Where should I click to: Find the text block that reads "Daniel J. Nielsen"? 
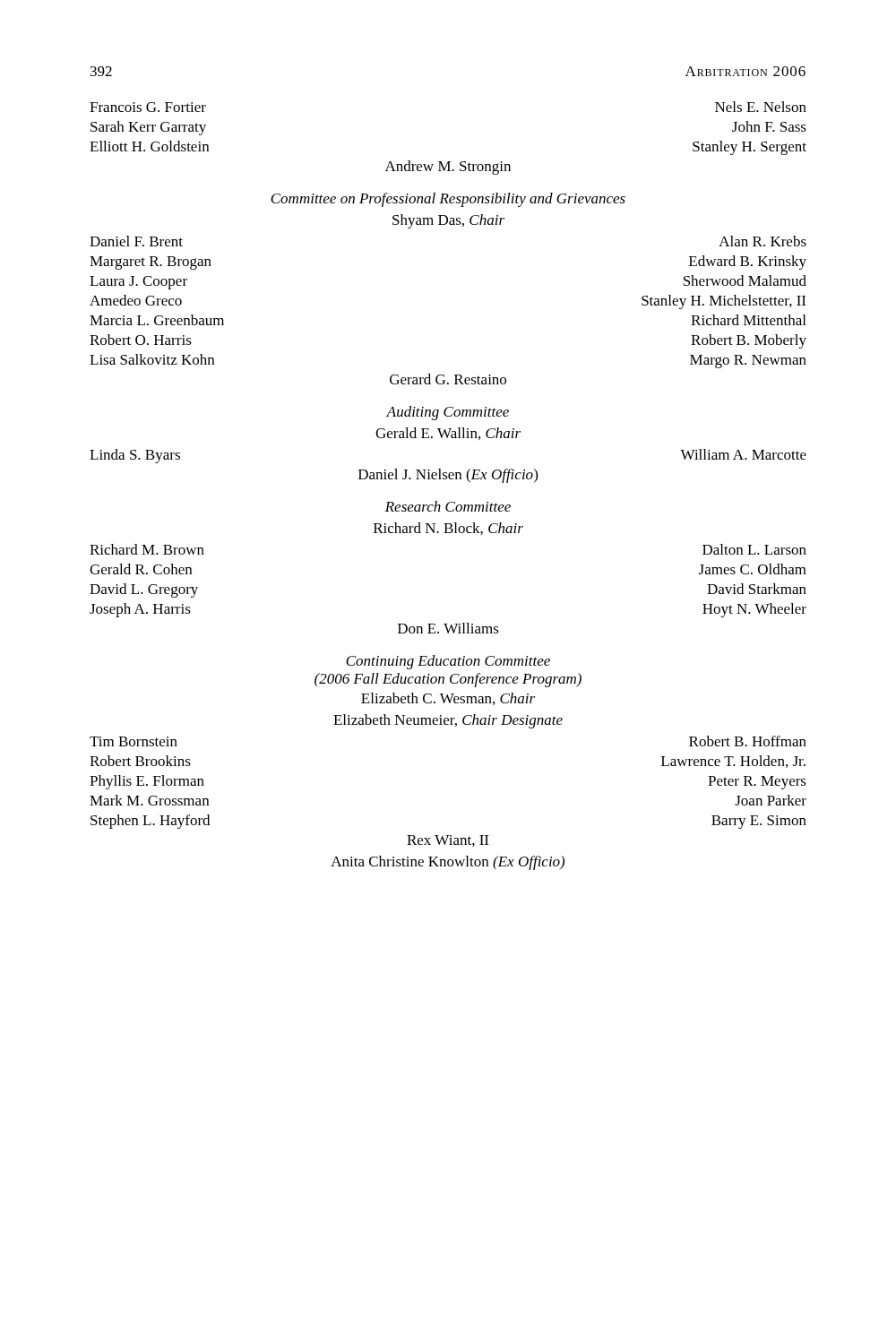[448, 474]
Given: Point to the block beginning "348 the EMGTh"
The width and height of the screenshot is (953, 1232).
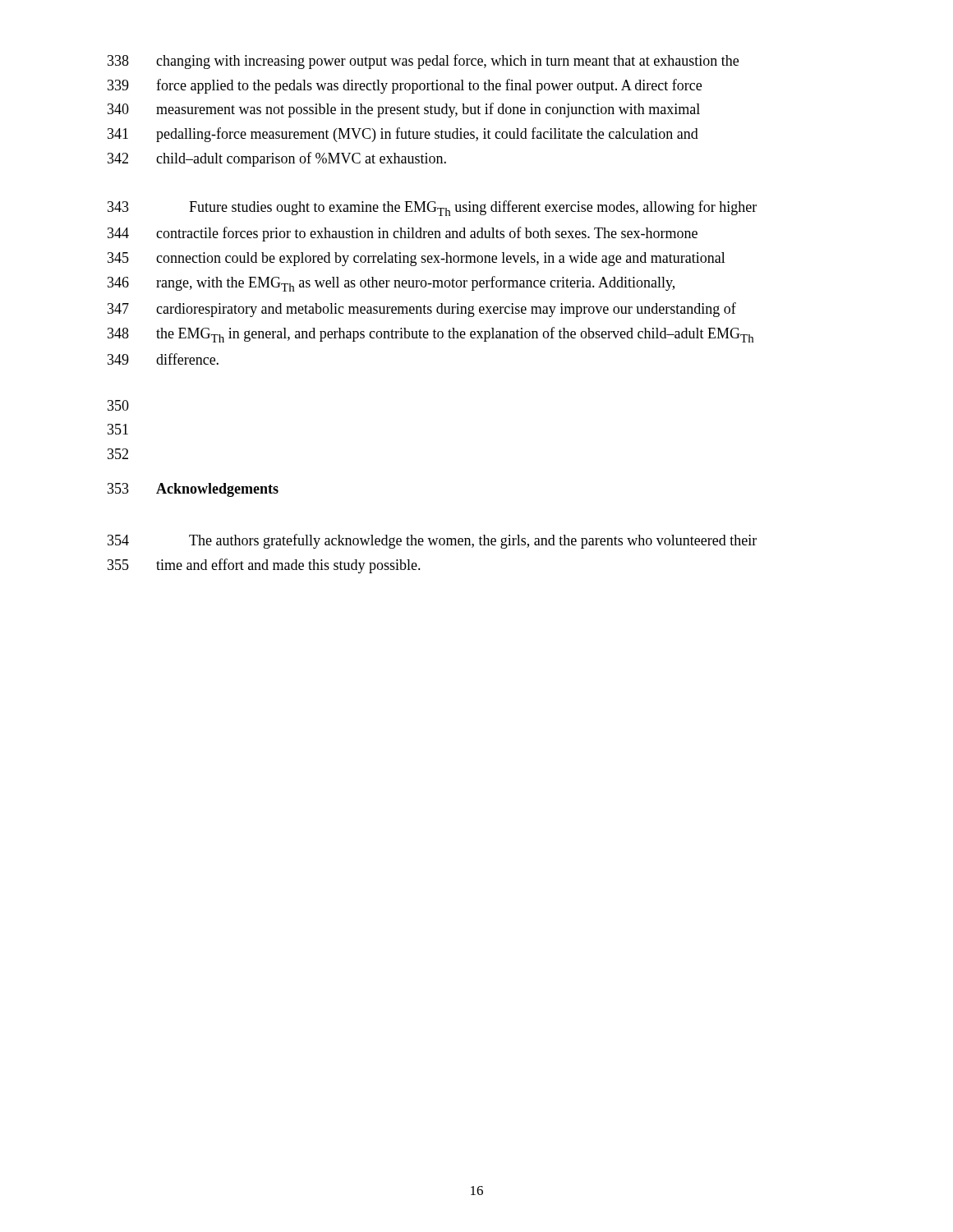Looking at the screenshot, I should click(489, 335).
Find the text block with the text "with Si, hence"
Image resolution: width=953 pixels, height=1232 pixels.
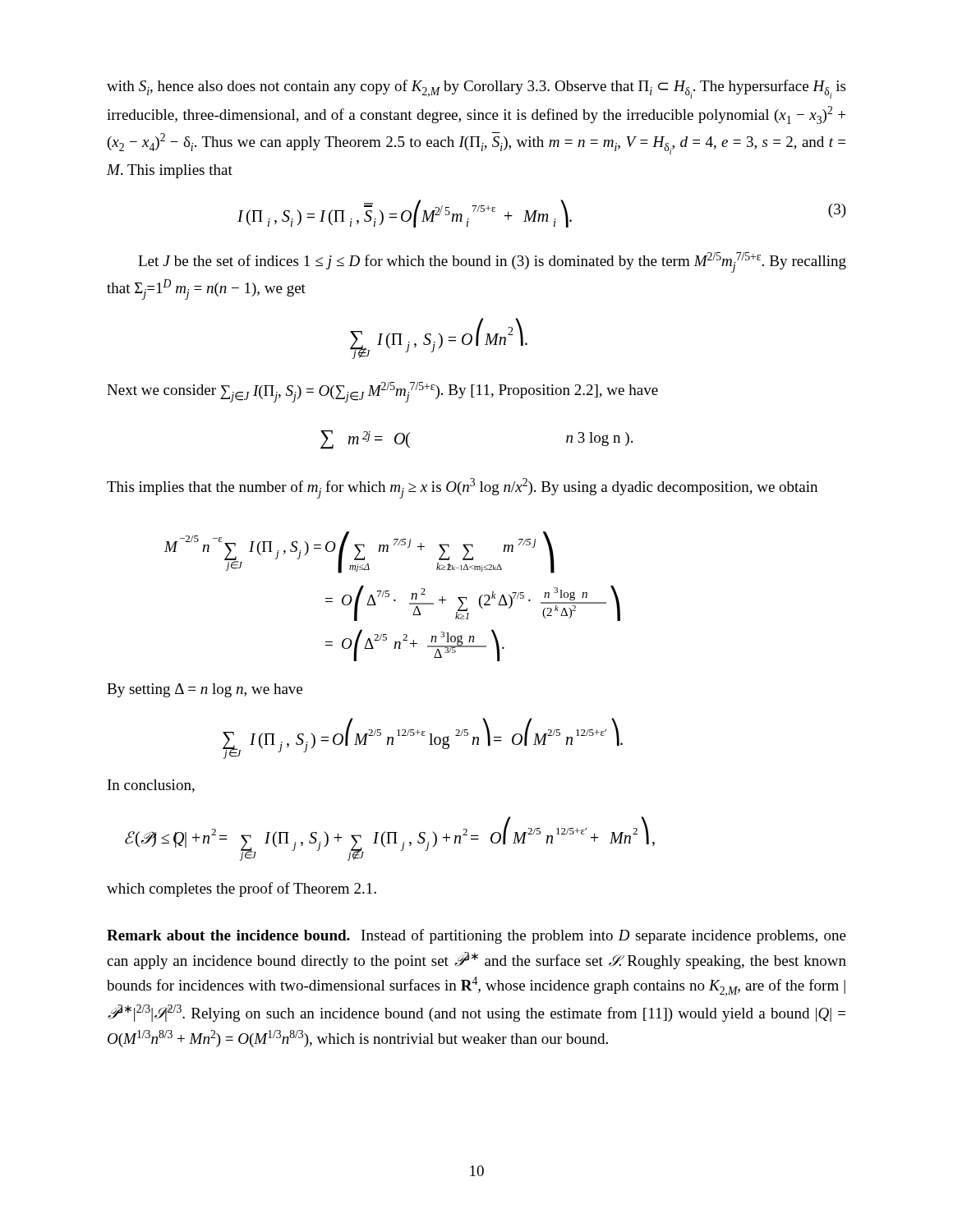[x=476, y=128]
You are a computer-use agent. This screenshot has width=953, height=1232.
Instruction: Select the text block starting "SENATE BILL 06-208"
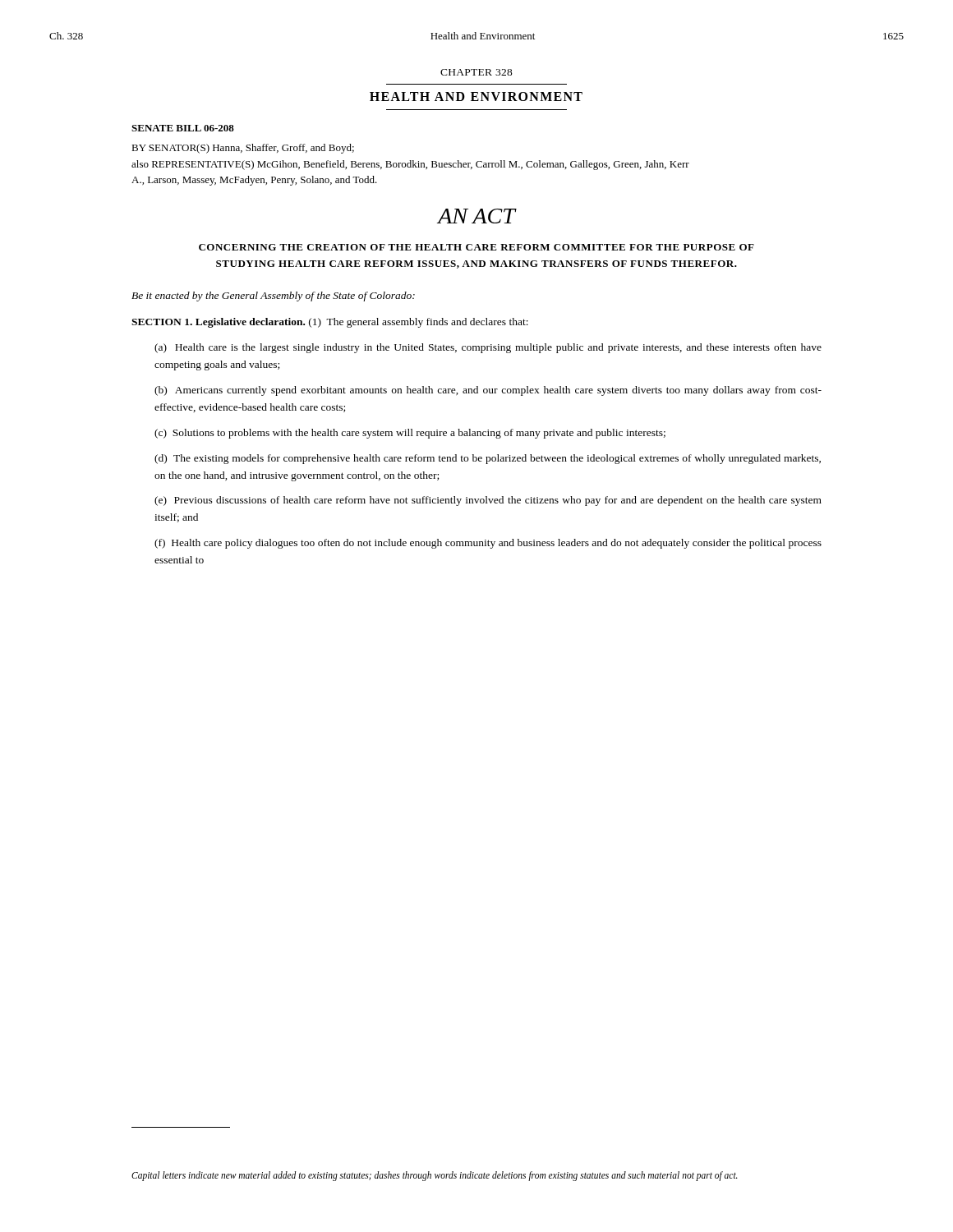coord(183,128)
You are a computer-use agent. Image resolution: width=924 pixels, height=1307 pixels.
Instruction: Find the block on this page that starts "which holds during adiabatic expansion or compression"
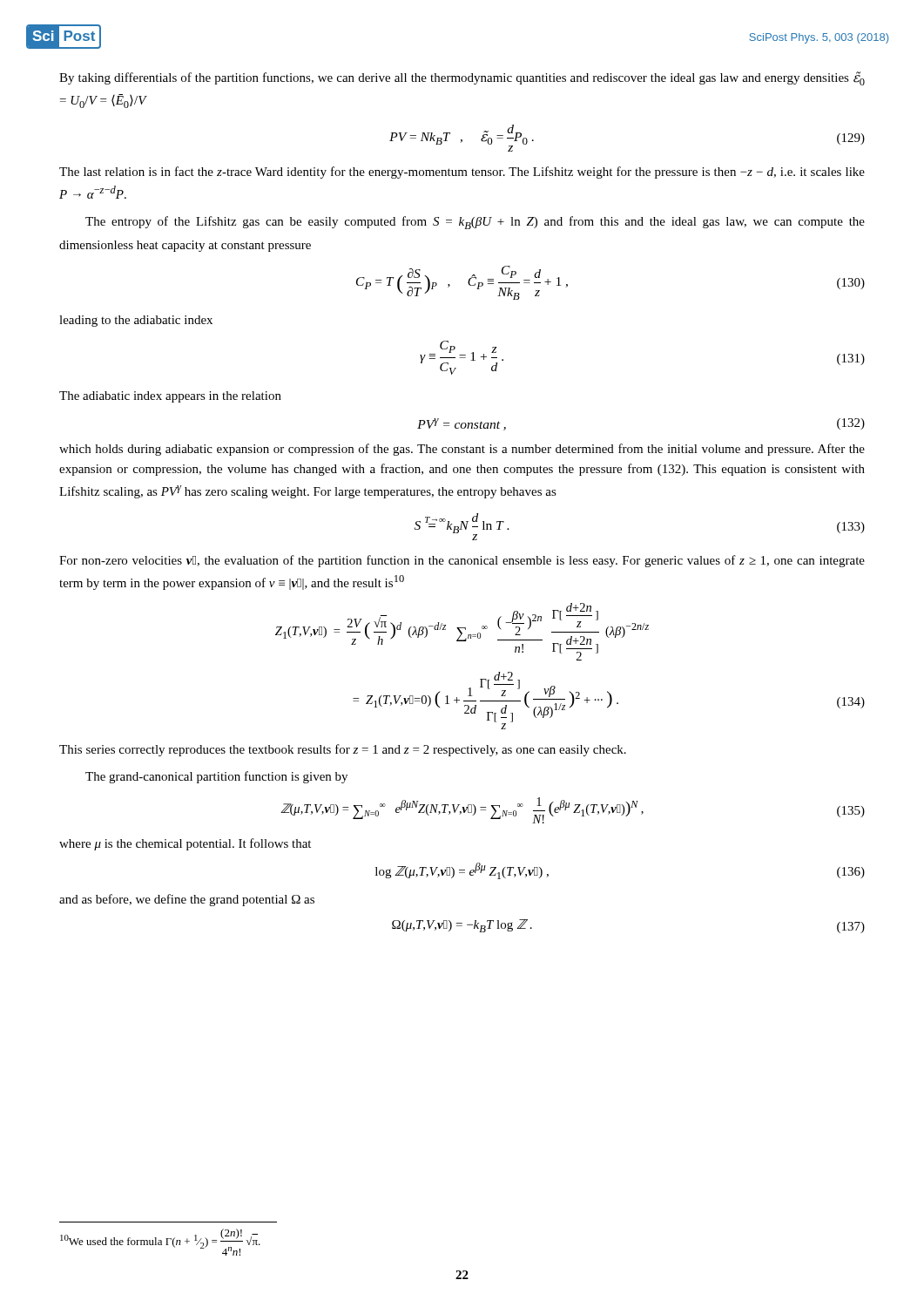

Problem to work on.
No pictures belong in the copy. Return exactly the lines from the line containing "Image resolution: width=953" through the last line of the listing.

Reply to the task.
Image resolution: width=953 pixels, height=1232 pixels.
[x=476, y=128]
You are a computer-use agent. This screenshot has width=953, height=1232.
Instruction: Select the text block starting "SENATE BILL 06-208"
coord(183,128)
You are a computer-use agent. Image resolution: width=924 pixels, height=1307 pixels.
Instruction: Find the block on this page that starts "which holds during adiabatic expansion or compression"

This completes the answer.